As of March 31, 2023, $33.9 million of the transaction price for this collaboration and license agreement, as amended, was allocated to our research and development services performance obligation that has not yet been satisfied.

Takeda Collaboration

In January 2017, we entered into a collaboration and license agreement with Takeda for the commercialization and further development of cabozantinib. Under the collaboration and license agreement, as amended, Takeda received exclusive commercialization rights for current and potential future cabozantinib indications in Japan, and the parties have agreed to collaborate on the clinical development of cabozantinib in Japan. The operation and strategic direction of the parties’ collaboration is governed through a joint executive committee and appropriate subcommittees.

Revenues under the collaboration and license agreement, as amended, with Takeda were as follows (in thousands):


	Three Months Ended March 31,
	2023		2022
License revenues	$	2,849	$	2,365
Collaboration services revenues	3,374		3,702
Total collaboration revenues	$	6,223	$	6,067

As of March 31, 2023, $35.0 million of the transaction price for this collaboration and license agreement, as amended, was allocated to our research and development services performance obligations that have not yet been satisfied.

Royalty Pharma

In October 2002, we established a product development and commercialization collaboration agreement with GlaxoSmithKline (GSK), that required us to pay a 3% royalty to GSK on the worldwide net sales of any product incorporating cabozantinib sold by us and our collaboration partners. Effective January 1, 2021, Royalty Pharma plc (Royalty Pharma) acquired from GSK all rights, title and interest in royalties on net product sales containing cabozantinib for non-U.S. markets for the full term of the royalty and for U.S. market through September 2026, after which time U.S. royalties will revert back to GSK. Royalty fees earned by Royalty Pharma in connection with our sales of cabozantinib are included in cost of goods sold and as a reduction of collaboration services revenues for sales by our collaboration partners. Such royalty fees earned by Royalty Pharma were $15.4 million and $13.1 million during the three months ended March 31, 2023 and 2022, respectively.
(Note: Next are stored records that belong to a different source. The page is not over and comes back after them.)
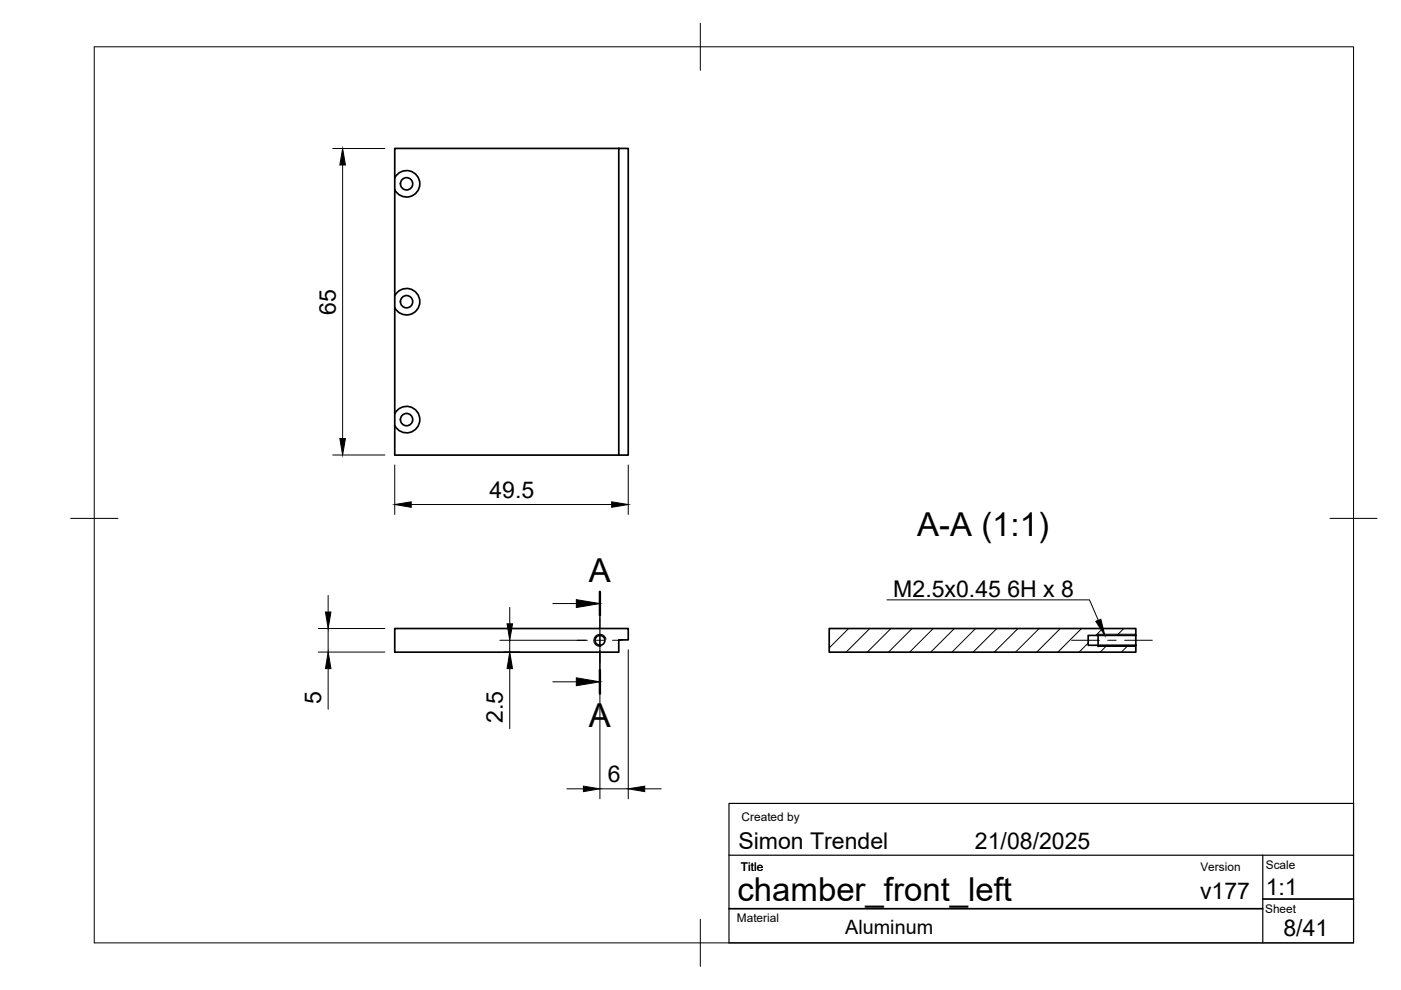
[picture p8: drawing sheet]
<svg xmlns="http://www.w3.org/2000/svg" width="297mm" height="210mm" viewBox="0 0 297 210" stroke-linecap="round" stroke-linejoin="round" font-family="sans-serif">
<defs><g id="words">
<g font-size="7">
<text x="194.5" y="113.6">A-A (1:1)</text>
<text x="124.9" y="123.5">A</text>
<text x="124.9" y="154">A</text>
<text x="156.4" y="191.1">chamber_front_left</text>
</g>
<g font-size="4.9">
<text x="71.2" y="66.7" transform="rotate(-90 71.2 66.7)">65</text>
<text x="103.8" y="105.5">49.5</text>
<text x="189.4" y="126.5">M2.5x0.45</text>
<text x="213.6" y="126.5">6H x 8</text>
<text x="68.1" y="149.2" transform="rotate(-90 68.1 149.2)">5</text>
<text x="106.6" y="153.3" transform="rotate(-90 106.6 153.3)">2.5</text>
<text x="128.9" y="165.8">6</text>
<text x="156.5" y="180">Simon Trendel</text>
<text x="206.7" y="180">21/08/2025</text>
<text x="254.4" y="190.6">v177</text>
<text x="268.4" y="189.7">1:1</text>
<text x="272.1" y="198.4">8/41</text>
</g>
<text font-size="4.2" x="179.2" y="198">Aluminum</text>
<g font-size="2.5">
<text x="157.2" y="174.2">Created by</text>
<text x="157.1" y="184.6">Title</text>
<text x="254.5" y="184.6">Version</text>
<text x="268.4" y="184.3">Scale</text>
<text x="156.2" y="195.5">Material</text>
<text x="268.2" y="193.5">Sheet</text>
</g>
</g></defs>
<!-- layer: Visible -->
<g fill="none" stroke="#000" stroke-width=".36">
<path d="M83.7 37.7v2.5M83.7 37.7a2.8 2.8 0 0 1 4.3-.9 2.8 2.8 0 0 1 0 4.4 2.8 2.8 0 0 1-4.3-1M131.2 31.5h2v65h-2zM131.2 31.5h-47.5v6.2M83.7 40.2v22.5M83.7 62.7v2.5M83.7 65.2v22.5M83.7 62.7a2.8 2.8 0 0 1 4.3-.9 2.8 2.8 0 0 1 0 4.4 2.8 2.8 0 0 1-4.3-1M83.7 87.7v8.8h47.5M83.7 87.7a2.8 2.8 0 0 1 4.3-.9 2.8 2.8 0 0 1 0 4.3 2.8 2.8 0 0 1-4.3-.9M83.7 133.3h49.5v2.4h-2v2.6h-47.5zM232.8 134.5v2.6"/>
<path d="M240.8 134.7h-10.1v2.1h10.1v1.5h-65v-5h65v3.5"/>
<circle cx="86.2" cy="39" r="1.3"/>
<circle cx="86.2" cy="64" r="1.3"/>
<circle cx="86.2" cy="89" r="1.3"/>
<circle cx="127.2" cy="135.8" r="1.05"/>
</g>
<!-- layer: Visible Narrow -->
<path d="M128.5 135.5a1.29 1.29 0 0 0-1.5-1 1.29 1.29 0 0 0-1.1 1.5 1.29 1.29 0 0 0 1.5 1M232.8 137.1h8M232.8 134.5h8" fill="none" stroke="#000" stroke-width=".21"/>
<!-- layer: BORDER -->
<path d="M20 9.9h267v190h-267zM148.5 4.9v10M15 109.9h10M282 109.9h10M148.5 194.9v10" fill="none" stroke="#000" stroke-width=".21"/>
<!-- layer: TITLEBLOCK -->
<path d="M154.6 170.3h132.4v29.6h-132.4zM154.6 181.3h132.4M267.7 181.3v18.6" fill="none" stroke="#000" stroke-width=".25"/>
<path d="M154.6 192.7h113.1M267.7 190.6h19.3" fill="none" stroke="#000" stroke-width=".36"/>
<!-- layer: Section Lines -->
<path d="M127.2 125.5v5M127.2 142v5.1" fill="none" stroke="#000" stroke-width=".51"/>
<path d="M127.2 130.5v11.5" fill="none" stroke="#000" stroke-width=".25"/>
<path d="M117.2 128h5M117.2 144.6h5" fill="none" stroke="#000" stroke-width=".21"/>
<path d="M122.2 127.1l5 .9-5 .8zM122.2 143.7l5 .9-5 .8z" fill="#000" stroke="#000" stroke-width=".21"/>
<!-- layer: Hole Notes -->
<path d="M232.3 131.7l1.1-.4 .9 3.4z" fill="#000" stroke="#000" stroke-width=".21"/>
<path d="M188 127.2h43l1.9 4.3" fill="none" stroke="#000" stroke-width=".21"/>
<!-- layer: Smart Centers -->
<path d="M122.4 135.8h2.1M126.3 135.8h1.8M127.2 131v2.1M127.2 134.9v1.7M127.2 138.4v2.2M129.9 135.8h2.1M227.2 135.8h5.9M234.9 135.8h1.7M238.4 135.8h5.9" fill="none" stroke="#000" stroke-width=".21"/>
<!-- layer: Hatching -->
<g fill="none" stroke="#000" stroke-width=".21">
<path d="M179.9 133.3l-4.1 4.1M184.4 133.3l-5 5M188.9 133.3l-5 5M193.4 133.3l-5 5M197.9 133.3l-5 5M202.4 133.3l-5 5M206.8 133.3l-5 5M211.3 133.3l-5 5M215.8 133.3l-5 5M220.3 133.3l-5 5M224.8 133.3l-5 5M229.3 133.3l-5 5"/>
<path d="M230.7 136.3l-1.9 2M233.8 133.3l-1.5 1.4M234.7 136.8l-1.4 1.5M238.3 133.3l-1.5 1.4M239.2 136.8l-1.4 1.5"/>
</g>
<!-- layer: FD_Dimensions -->
<g fill="none" stroke="#000" stroke-width=".21">
<path d="M70.5 31.5h11.1M72.6 35v58M70.5 96.5h11.1M83.7 98.6v10.5M133.2 98.6v10.5M87.2 107h42.5M67.5 133.3h14.1M67.5 138.3h14.1M69.6 126.3v3.5M69.6 133.3v5M106 135.8h18.2M106.8 138.3h3.4"/>
<path d="M108.1 128.8v3.5M108.1 135.8v2.5M127.2 137.9v31.5M133.2 137.8v31.6M69.6 141.8v8.6M108.1 141.8v12.7M120.2 167.3h3.5M127.2 167.3h6M136.7 167.3h3.5"/>
</g>
<path d="M72.6 31.5l.6 3.5h-1.1zM72.1 93h1.1l-.6 3.5zM83.7 107l3.5-.6v1.2zM129.7 106.4l3.5 .6-3.5 .6zM69 129.8h1.2l-.6 3.5zM107.5 132.3h1.2l-.6 3.5zM69.6 138.3l.6 3.5h-1.2zM108.1 138.3l.6 3.5h-1.2zM123.7 166.7l3.5 .6-3.5 .5zM133.2 167.3l3.5-.6v1.1z" fill="#000" stroke="#000" stroke-width=".21"/>
<use href="#words"/>
</svg>

Research Collaborations, In-Licensing Arrangements and Other Business Development Activities

We enter into collaborative arrangements with other pharmaceutical or biotechnology companies to develop and commercialize drug candidates or intellectual property. Our research collaborations and in-licensing arrangements are intended to enhance our early-stage pipeline and expand our ability to discover, develop and commercialize novel therapies with the goal of providing new treatment options for cancer patients and their physicians. Our research collaborations, in-licensing arrangements and other strategic transactions generally include upfront payments, development, regulatory and commercial milestone payments, and royalty payments, in each case contingent upon the occurrence of certain future events linked to the success of the asset in development. Certain of our research collaborations provide us exclusive options that give us the right to license programs or acquire the intellectual property developed under the research collaborations for further discovery and development. When we decide to exercise the options, we are required to pay an exercise fee and then assume the responsibilities for all subsequent development, manufacturing and commercialization.

During the three months ended March 31, 2023, we recognized $44.7 million within research and development expenses on the Condensed Consolidated Statements of Income, primarily related to development milestones, research and development funding and other fees, including a $35.0 million development milestone to our partner, Sairopa B.V., upon the effective date of the initial new drug application (IND) for the ADU-1805 program.

As of March 31, 2023, in conjunction with these collaborative in-licensing arrangements we are subject to potential future development milestones of up to $650.6 million, regulatory milestones of up to $634.4 million and commercial milestones of up to $3.2 billion, each in the aggregate per product or target, as well as royalties on future net sales of products.